▶ EXERCISE AIM:
Copy every line of the records below that holds the word "roll".

──────── RECORDS PROVIDED ────────

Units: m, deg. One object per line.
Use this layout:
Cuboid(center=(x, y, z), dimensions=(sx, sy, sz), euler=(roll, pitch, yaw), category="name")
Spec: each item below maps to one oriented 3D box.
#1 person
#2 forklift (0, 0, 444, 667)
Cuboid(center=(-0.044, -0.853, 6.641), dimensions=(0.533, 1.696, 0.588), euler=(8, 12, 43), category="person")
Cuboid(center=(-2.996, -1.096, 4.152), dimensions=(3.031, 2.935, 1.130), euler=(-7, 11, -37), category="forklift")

────────
──────── RECORDS PROVIDED ────────

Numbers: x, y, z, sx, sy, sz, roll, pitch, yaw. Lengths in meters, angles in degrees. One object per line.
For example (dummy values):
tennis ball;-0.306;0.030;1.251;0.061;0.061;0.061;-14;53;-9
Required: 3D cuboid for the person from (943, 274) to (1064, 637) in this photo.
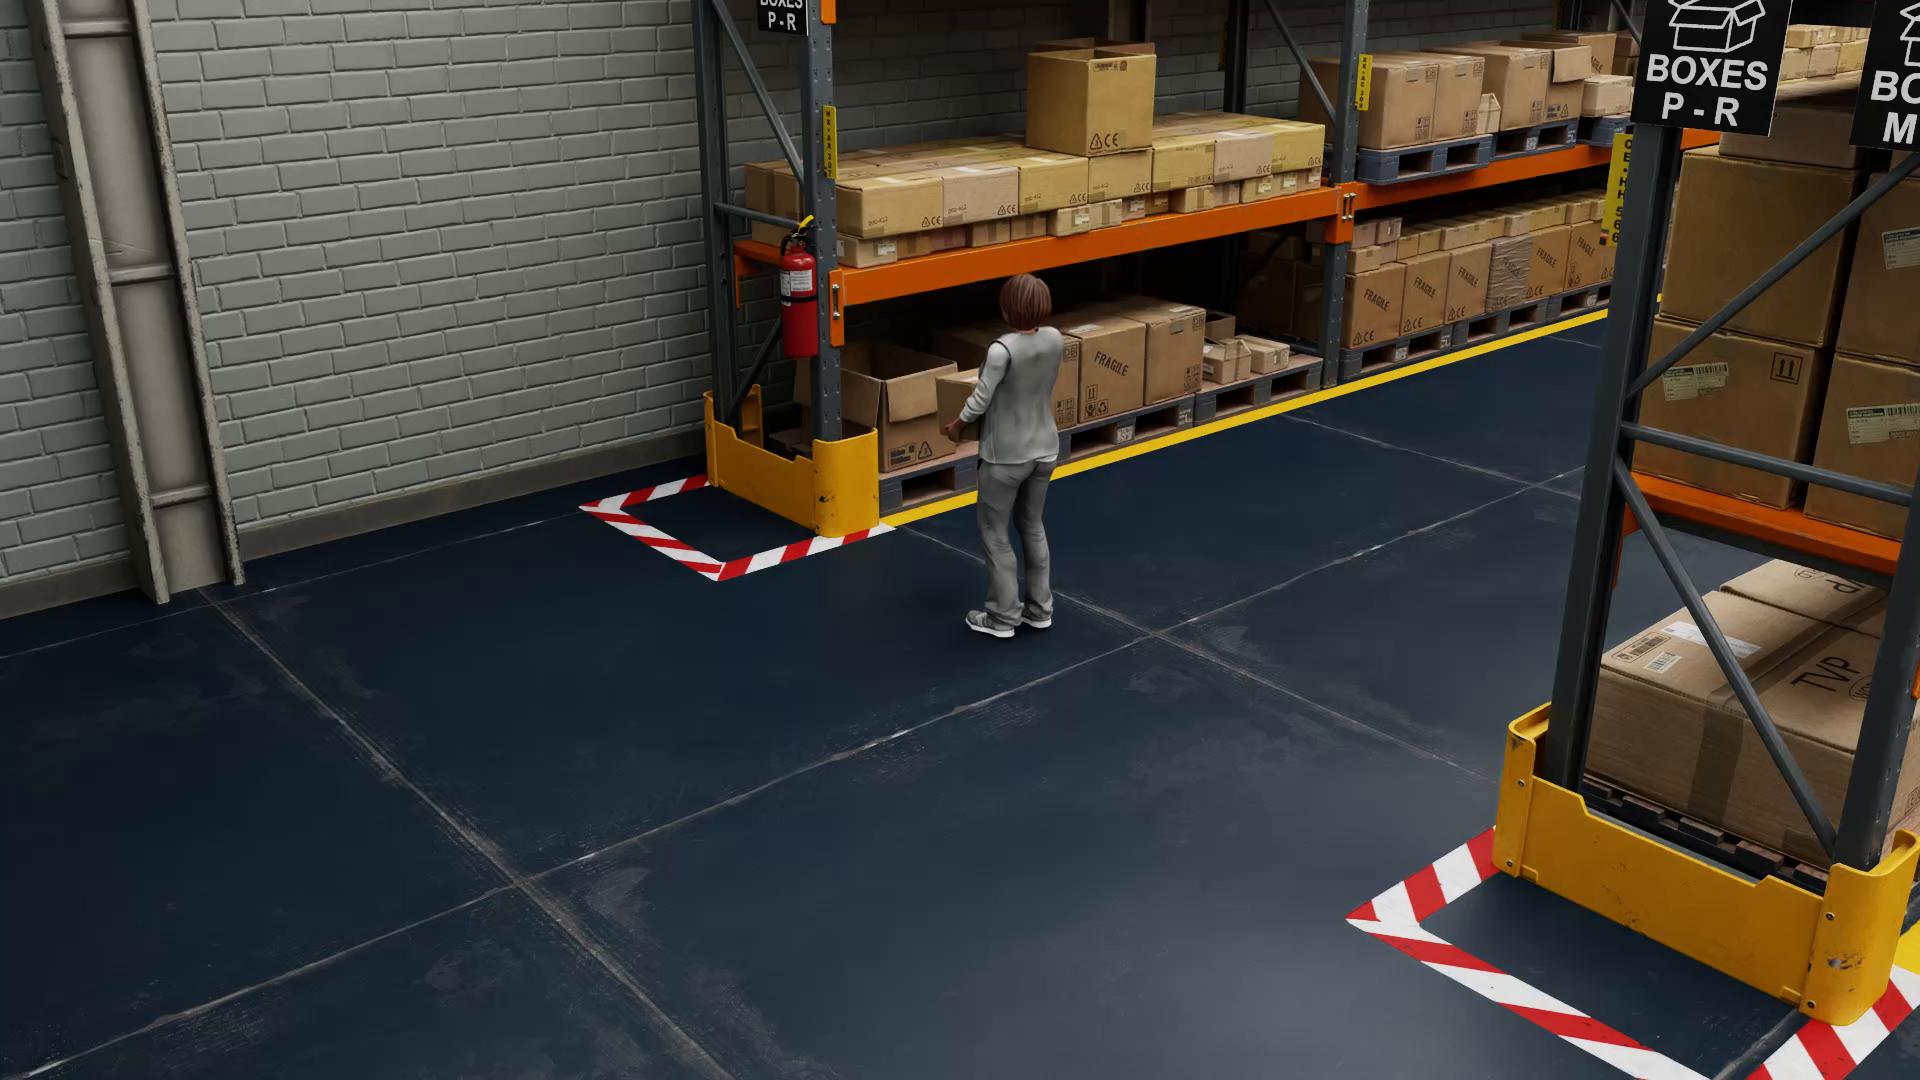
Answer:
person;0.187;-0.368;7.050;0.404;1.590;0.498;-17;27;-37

────────

▶ FINAL ANSWER:
Cuboid(center=(x, y, z), dimensions=(sx, sy, sz), euler=(roll, pitch, yaw), category="name")
Numbers: x, y, z, sx, sy, sz, roll, pitch, yaw. Lengths in meters, angles in degrees. One object per line.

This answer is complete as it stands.